Education Reductions in Prisons Put at Risk Public Safety, Watchdog Warns

Decreases to learning offerings within correctional institutions are hindering inmates' employment and training opportunities, eventually creating danger to community security, per a new report from a prison watchdog agency.

Pattern of Repeat Crimes Linked to Shortage of Education

Repeat offenders often create disorder in their communities due to the inability of correctional facilities to supply sufficient training and employment opportunities that could help disrupt the pattern of criminal behavior, the findings indicated.

I hold serious worries about the impact of real-terms learning funding reductions on currently insufficient services and about the lack of real desire and ambition for improvement that this signifies.”

Budget Cuts Threaten Reform Efforts

In spite of commitments to enhance access to learning, funding on direct educational services in correctional institutions is being cut by as much as 50%, per recent disclosures.
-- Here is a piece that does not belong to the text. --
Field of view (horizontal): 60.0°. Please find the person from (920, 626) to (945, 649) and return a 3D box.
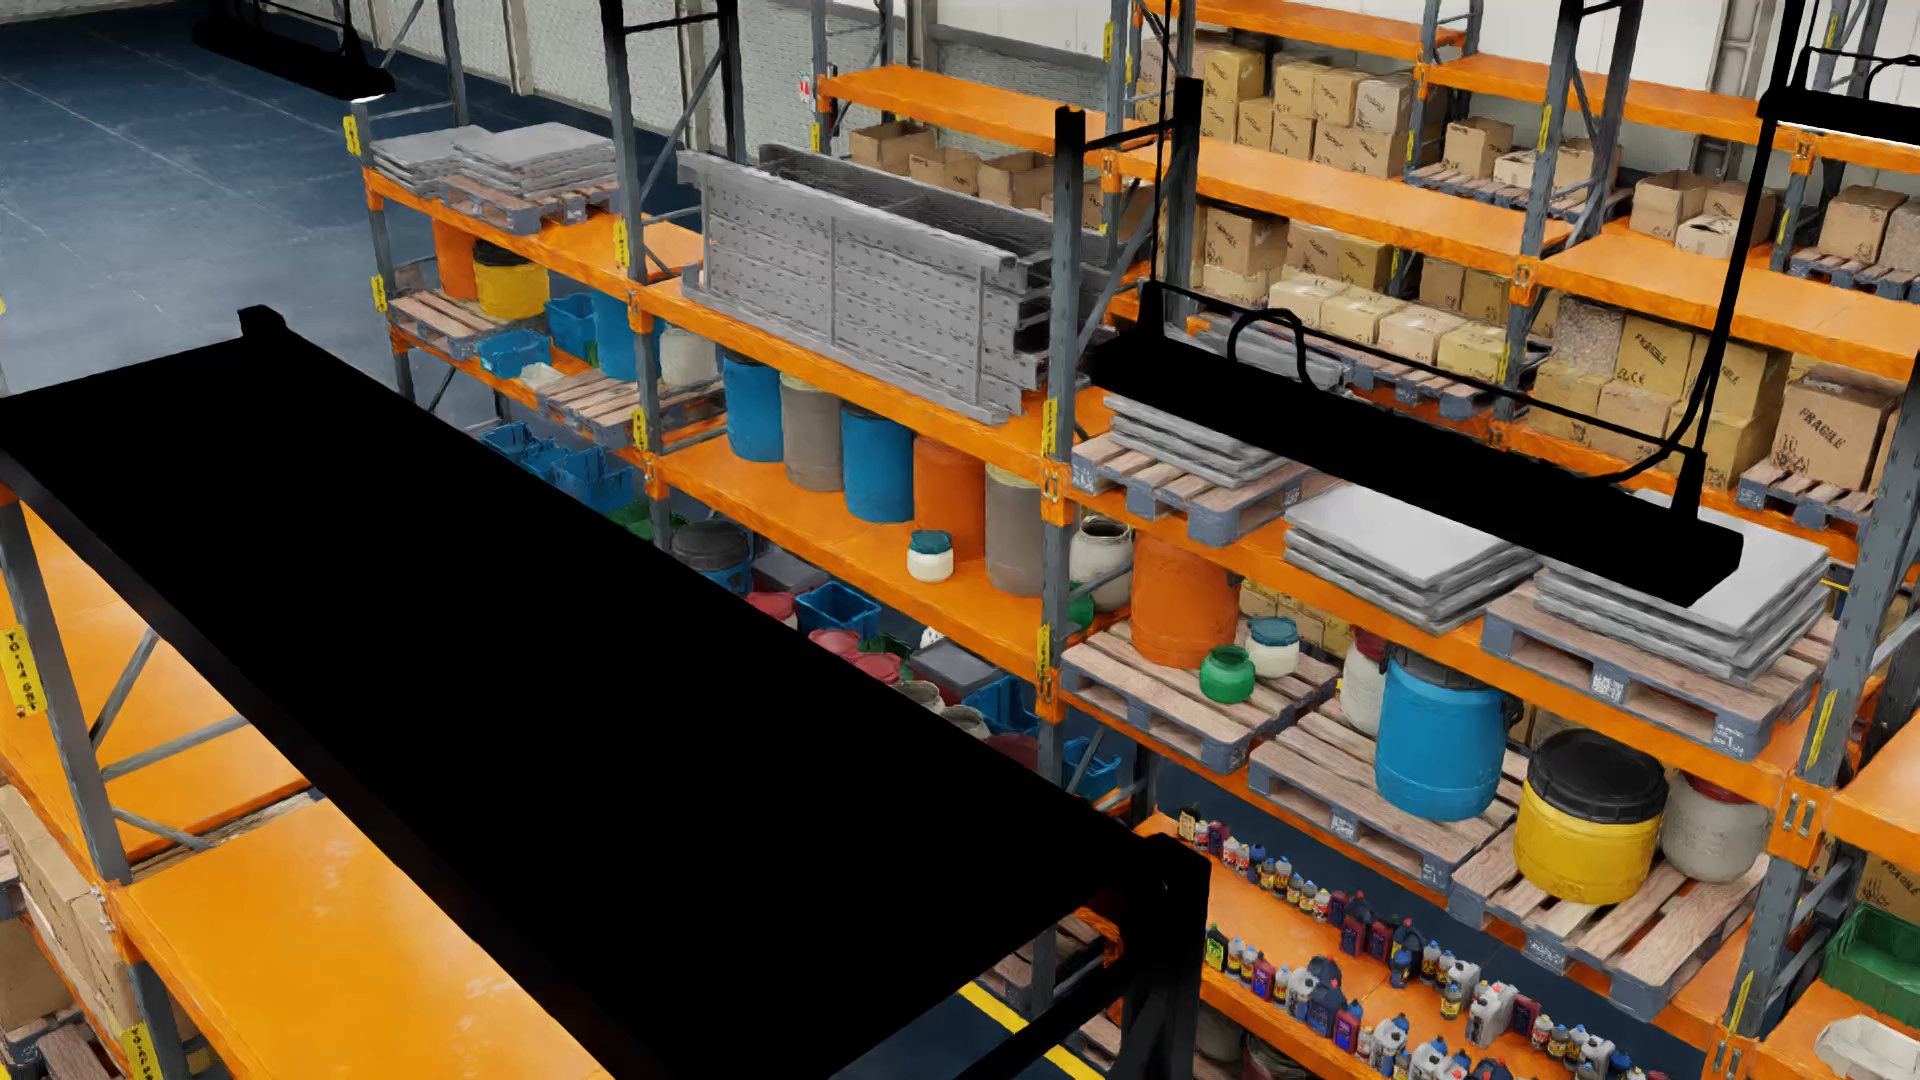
[{"bbox_3d":[-0.081,1.154,12.965,0.474,1.629,0.908,-14,31,-24],"label":"person"}]

Although the overall training budget has stayed unchanged, the expense of course contracts has increased significantly, as claimed by correctional governors.

  • Only 31% of ex- inmates are working six months after release
  • 94 of 104 inspected prisons were rated “poor” or “below standard” for purposeful activity
  • Average attendance in training programs was just 67% in inspected institutions

Inadequate Conditions Hinder Reform

Overcrowding, a lack of training space, equipment failures, and ageing facilities have compounded the situation, per the report.

Numerous inmates wait for weeks to be assigned an training space and are often assigned whatever is available, rather than training applicable to their career opportunities upon release.

Although work proceeded, full-time positions generally engaged inmates for just five hours per day, with numerous positions divided into part-time places to extend meagre provision further.

Government Response and Upcoming Initiatives

Correctional system has a responsibility to safeguard the public by making prisoners less likely to commit crimes again when they are released, but too often it is failing to meet this obligation.

Top governors know that prisons, and in the end our communities, are more secure if inmates are meaningfully engaged, and that training, training and employment play a vital role in motivating prisoners to reform.

It is understood that purposeful activity can help to facilitate secure and proper correctional facilities and have a positive effect on recidivism levels.”

Unless leaders in the correctional service take the delivery of high-quality training and training more seriously, it is hard to see how appallingly high reoffending levels can be reduced.

Funding cuts are also expected to impede efforts to introduce a new incentive-based prison regime that would enable inmates to gain reductions their incarceration by finishing work, training and learning programs.

Shirley Brooks
Shirley Brooks

A digital strategist with over a decade of experience helping startups scale through innovative marketing techniques.